EXERCISE AIM ::
Please reproduce, exactly as given, the lines running from the start of the data to the line containing "Identify the document", inclusive, and omit the pictures.

INFORMATION ::

####

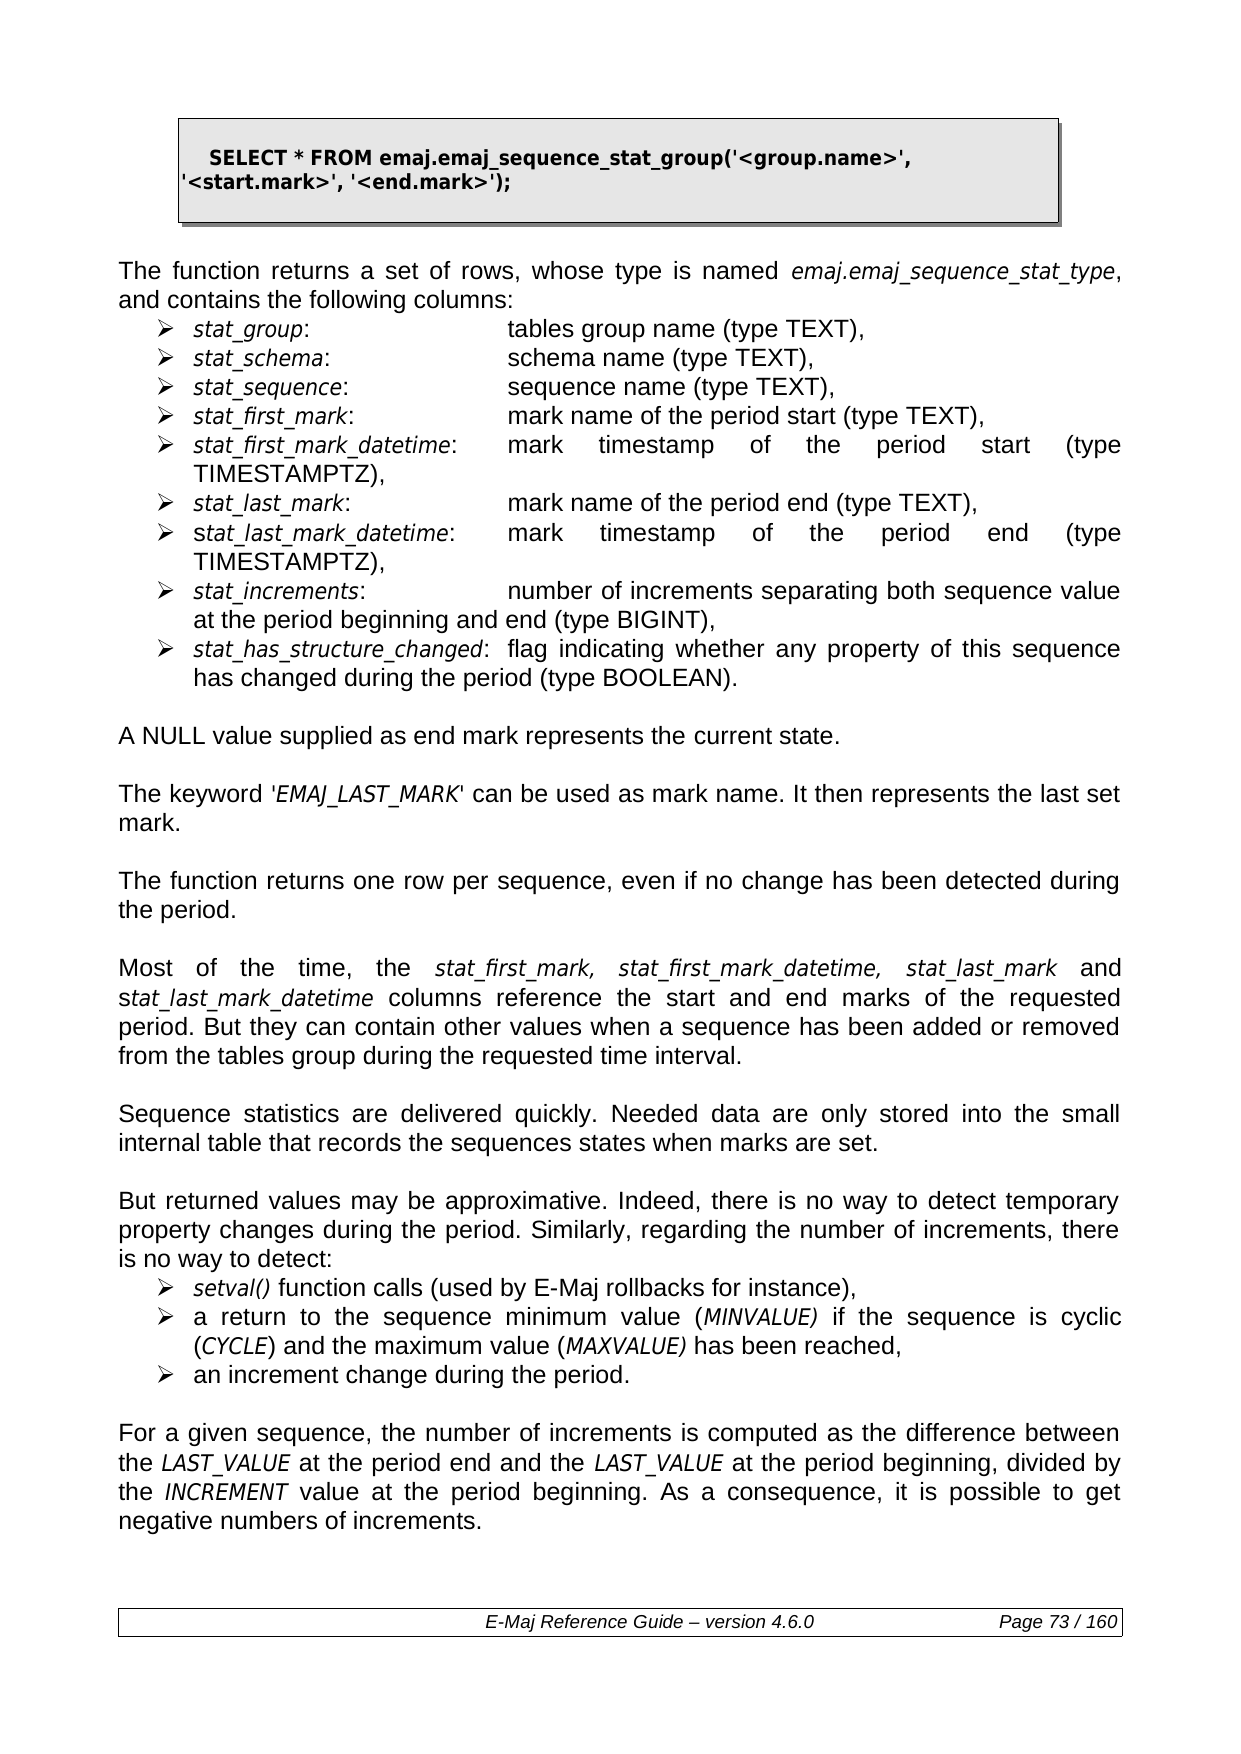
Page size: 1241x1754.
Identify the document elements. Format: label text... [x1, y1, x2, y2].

text Most of the time, the stat_first_mark, stat_first_mark_datetime, stat_last_mark and stat_last_mark_datetime columns reference the start and end marks of the requested period. But they can contain other values when a sequence has been added or removed from the tables group during the requested time interval. [118, 953, 1122, 1069]
list stat_group: tables group name (type TEXT), [156, 314, 1122, 343]
text For a given sequence, the number of increments is computed as the difference between the LAST_VALUE at the period end and the LAST_VALUE at the period beginning, divided by the INCREMENT value at the period beginning. As a consequence, it is possible to get negative numbers of increments. [118, 1418, 1122, 1534]
text A NULL value supplied as end mark represents the current state. [118, 692, 1122, 750]
list a return to the sequence minimum value (MINVALUE) if the sequence is cyclic (CYCLE) and the maximum value (MAXVALUE) has been reached, [156, 1302, 1122, 1360]
list stat_schema: schema name (type TEXT), [156, 343, 1122, 372]
text The function returns a set of rows, whose type is named emaj.emaj_sequence_stat_type, and contains the following columns: [118, 256, 1122, 314]
text The keyword 'EMAJ_LAST_MARK' can be used as mark name. It then represents the last set mark. [118, 779, 1122, 837]
list stat_first_mark_datetime: mark timestamp of the period start (type TIMESTAMPTZ), [156, 430, 1122, 488]
list stat_first_mark: mark name of the period start (type TEXT), [156, 401, 1122, 430]
list stat_last_mark_datetime: mark timestamp of the period end (type TIMESTAMPTZ), [156, 517, 1122, 576]
text The function returns one row per sequence, even if no change has been detected during the period. [118, 866, 1122, 924]
list stat_increments: number of increments separating both sequence value at the period beginning and end (type BIGINT), [156, 576, 1122, 634]
list stat_sequence: sequence name (type TEXT), [156, 372, 1122, 401]
list setval() function calls (used by E-Maj rollbacks for instance), [156, 1273, 1122, 1302]
text Sequence statistics are delivered quickly. Needed data are only stored into the small internal table that records the sequences states when marks are set. [118, 1099, 1122, 1157]
text SELECT * FROM emaj.emaj_sequence_stat_group('<group.name>', '<start.mark>', '<end.mark>'); [179, 143, 1058, 192]
list an increment change during the period. [156, 1360, 1122, 1389]
list stat_has_structure_changed: flag indicating whether any property of this sequence has changed during the period (type BOOLEAN). [156, 634, 1122, 692]
text But returned values may be approximative. Indeed, there is no way to detect temporary property changes during the period. Similarly, regarding the number of increments, there is no way to detect: [118, 1186, 1122, 1273]
list stat_last_mark: mark name of the period end (type TEXT), [156, 488, 1122, 517]

####

RESULT ::
Page size: 1241x1754.
Identify the document elements. Format: label text... [x1, y1, x2, y2].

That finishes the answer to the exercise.